> TASK
For this exercise, return exactly the lines of the material below that begin at the one with "3. brussels sprout" and stop after the one with "1. pair of gloves".

> DATA TO PROCESS
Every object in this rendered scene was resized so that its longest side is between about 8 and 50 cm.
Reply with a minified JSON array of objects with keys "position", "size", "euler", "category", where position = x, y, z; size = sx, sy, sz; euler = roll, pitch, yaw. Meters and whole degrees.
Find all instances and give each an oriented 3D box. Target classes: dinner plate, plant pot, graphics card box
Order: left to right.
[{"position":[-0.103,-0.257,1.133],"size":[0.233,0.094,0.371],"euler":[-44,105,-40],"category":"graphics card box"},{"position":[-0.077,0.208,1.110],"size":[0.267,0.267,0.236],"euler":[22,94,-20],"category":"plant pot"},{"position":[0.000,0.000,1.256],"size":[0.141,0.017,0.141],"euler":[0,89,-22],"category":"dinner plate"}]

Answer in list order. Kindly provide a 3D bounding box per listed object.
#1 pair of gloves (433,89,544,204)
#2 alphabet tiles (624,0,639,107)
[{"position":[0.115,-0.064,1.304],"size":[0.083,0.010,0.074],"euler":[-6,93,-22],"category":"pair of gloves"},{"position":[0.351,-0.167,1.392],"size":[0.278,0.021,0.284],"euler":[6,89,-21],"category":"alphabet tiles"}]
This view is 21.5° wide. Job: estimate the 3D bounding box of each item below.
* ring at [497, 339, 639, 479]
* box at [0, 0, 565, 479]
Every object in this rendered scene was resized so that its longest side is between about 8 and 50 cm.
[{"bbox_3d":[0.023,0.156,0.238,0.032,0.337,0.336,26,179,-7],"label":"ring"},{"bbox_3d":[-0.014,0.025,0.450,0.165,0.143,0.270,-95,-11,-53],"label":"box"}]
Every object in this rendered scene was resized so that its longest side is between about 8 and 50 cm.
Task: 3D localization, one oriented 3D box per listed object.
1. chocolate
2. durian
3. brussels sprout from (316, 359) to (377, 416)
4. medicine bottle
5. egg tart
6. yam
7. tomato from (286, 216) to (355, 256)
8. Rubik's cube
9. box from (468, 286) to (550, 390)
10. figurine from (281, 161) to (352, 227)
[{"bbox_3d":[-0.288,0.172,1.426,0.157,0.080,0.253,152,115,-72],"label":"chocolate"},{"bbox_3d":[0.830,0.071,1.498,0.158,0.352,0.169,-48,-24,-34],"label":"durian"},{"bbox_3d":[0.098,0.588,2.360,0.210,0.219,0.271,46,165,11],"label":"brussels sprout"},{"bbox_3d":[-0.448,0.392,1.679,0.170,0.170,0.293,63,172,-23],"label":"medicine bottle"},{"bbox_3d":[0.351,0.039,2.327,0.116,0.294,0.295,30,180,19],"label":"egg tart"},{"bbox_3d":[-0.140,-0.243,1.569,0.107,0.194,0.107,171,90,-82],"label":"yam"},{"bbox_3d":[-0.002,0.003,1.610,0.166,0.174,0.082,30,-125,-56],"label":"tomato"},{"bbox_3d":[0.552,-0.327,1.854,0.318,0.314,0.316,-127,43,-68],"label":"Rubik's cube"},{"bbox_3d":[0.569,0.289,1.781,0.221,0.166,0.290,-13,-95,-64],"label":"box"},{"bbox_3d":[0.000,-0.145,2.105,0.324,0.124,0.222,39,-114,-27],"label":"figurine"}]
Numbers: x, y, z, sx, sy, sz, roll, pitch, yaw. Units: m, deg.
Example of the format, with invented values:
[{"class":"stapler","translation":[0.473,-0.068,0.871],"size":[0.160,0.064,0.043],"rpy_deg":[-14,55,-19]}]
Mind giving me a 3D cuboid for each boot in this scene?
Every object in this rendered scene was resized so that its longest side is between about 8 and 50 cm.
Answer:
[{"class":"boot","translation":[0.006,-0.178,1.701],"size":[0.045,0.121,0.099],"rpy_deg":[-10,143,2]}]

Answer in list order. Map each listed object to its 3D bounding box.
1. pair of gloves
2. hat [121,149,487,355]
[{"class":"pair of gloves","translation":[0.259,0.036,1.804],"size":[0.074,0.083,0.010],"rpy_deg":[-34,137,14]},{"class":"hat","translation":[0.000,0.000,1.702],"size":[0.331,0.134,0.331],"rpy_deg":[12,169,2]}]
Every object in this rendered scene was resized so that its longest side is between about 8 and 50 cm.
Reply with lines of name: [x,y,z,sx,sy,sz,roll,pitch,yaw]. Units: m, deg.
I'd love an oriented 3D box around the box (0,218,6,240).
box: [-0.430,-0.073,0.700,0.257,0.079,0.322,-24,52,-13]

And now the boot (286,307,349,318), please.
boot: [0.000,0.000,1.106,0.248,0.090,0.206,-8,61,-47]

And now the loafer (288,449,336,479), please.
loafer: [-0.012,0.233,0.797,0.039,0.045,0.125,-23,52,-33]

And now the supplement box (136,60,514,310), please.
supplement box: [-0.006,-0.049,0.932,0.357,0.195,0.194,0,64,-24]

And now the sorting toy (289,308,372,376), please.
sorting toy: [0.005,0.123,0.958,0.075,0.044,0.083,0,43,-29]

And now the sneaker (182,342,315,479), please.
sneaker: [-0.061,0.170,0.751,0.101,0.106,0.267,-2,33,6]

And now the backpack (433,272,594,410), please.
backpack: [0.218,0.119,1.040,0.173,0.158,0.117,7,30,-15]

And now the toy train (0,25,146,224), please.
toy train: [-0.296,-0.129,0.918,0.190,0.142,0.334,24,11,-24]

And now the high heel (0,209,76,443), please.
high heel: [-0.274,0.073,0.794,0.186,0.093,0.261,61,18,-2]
--
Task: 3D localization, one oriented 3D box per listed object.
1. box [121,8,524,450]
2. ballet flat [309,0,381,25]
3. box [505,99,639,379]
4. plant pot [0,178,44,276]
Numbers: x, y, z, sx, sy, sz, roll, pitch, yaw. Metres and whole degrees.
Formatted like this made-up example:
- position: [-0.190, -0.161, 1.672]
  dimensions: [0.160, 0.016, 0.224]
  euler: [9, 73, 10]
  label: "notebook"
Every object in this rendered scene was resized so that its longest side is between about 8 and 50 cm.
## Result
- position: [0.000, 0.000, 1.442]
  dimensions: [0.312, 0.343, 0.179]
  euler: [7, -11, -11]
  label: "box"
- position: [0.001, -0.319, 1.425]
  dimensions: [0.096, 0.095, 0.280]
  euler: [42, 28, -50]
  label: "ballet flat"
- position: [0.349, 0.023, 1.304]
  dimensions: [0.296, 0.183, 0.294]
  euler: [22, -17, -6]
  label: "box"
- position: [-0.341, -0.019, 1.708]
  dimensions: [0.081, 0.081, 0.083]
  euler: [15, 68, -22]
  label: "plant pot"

> WRITTEN REPLY
3. brussels sprout from (316, 359) to (377, 416)
4. medicine bottle
5. egg tart
6. yam
7. tomato from (286, 216) to (355, 256)
8. Rubik's cube
9. box from (468, 286) to (550, 390)
10. figurine from (281, 161) to (352, 227)
[{"bbox_3d":[-0.288,0.172,1.426,0.157,0.080,0.253,152,115,-72],"label":"chocolate"},{"bbox_3d":[0.830,0.071,1.498,0.158,0.352,0.169,-48,-24,-34],"label":"durian"},{"bbox_3d":[0.098,0.588,2.360,0.210,0.219,0.271,46,165,11],"label":"brussels sprout"},{"bbox_3d":[-0.448,0.392,1.679,0.170,0.170,0.293,63,172,-23],"label":"medicine bottle"},{"bbox_3d":[0.351,0.039,2.327,0.116,0.294,0.295,30,180,19],"label":"egg tart"},{"bbox_3d":[-0.140,-0.243,1.569,0.107,0.194,0.107,171,90,-82],"label":"yam"},{"bbox_3d":[-0.002,0.003,1.610,0.166,0.174,0.082,30,-125,-56],"label":"tomato"},{"bbox_3d":[0.552,-0.327,1.854,0.318,0.314,0.316,-127,43,-68],"label":"Rubik's cube"},{"bbox_3d":[0.569,0.289,1.781,0.221,0.166,0.290,-13,-95,-64],"label":"box"},{"bbox_3d":[0.000,-0.145,2.105,0.324,0.124,0.222,39,-114,-27],"label":"figurine"}]
Numbers: x, y, z, sx, sy, sz, roll, pitch, yaw. Units: m, deg.
Example of the format, with invented values:
[{"class":"stapler","translation":[0.473,-0.068,0.871],"size":[0.160,0.064,0.043],"rpy_deg":[-14,55,-19]}]
Mind giving me a 3D cuboid for each boot in this scene?
Every object in this rendered scene was resized so that its longest side is between about 8 and 50 cm.
Answer:
[{"class":"boot","translation":[0.006,-0.178,1.701],"size":[0.045,0.121,0.099],"rpy_deg":[-10,143,2]}]

Answer in list order. Map each listed object to its 3D bounding box.
1. pair of gloves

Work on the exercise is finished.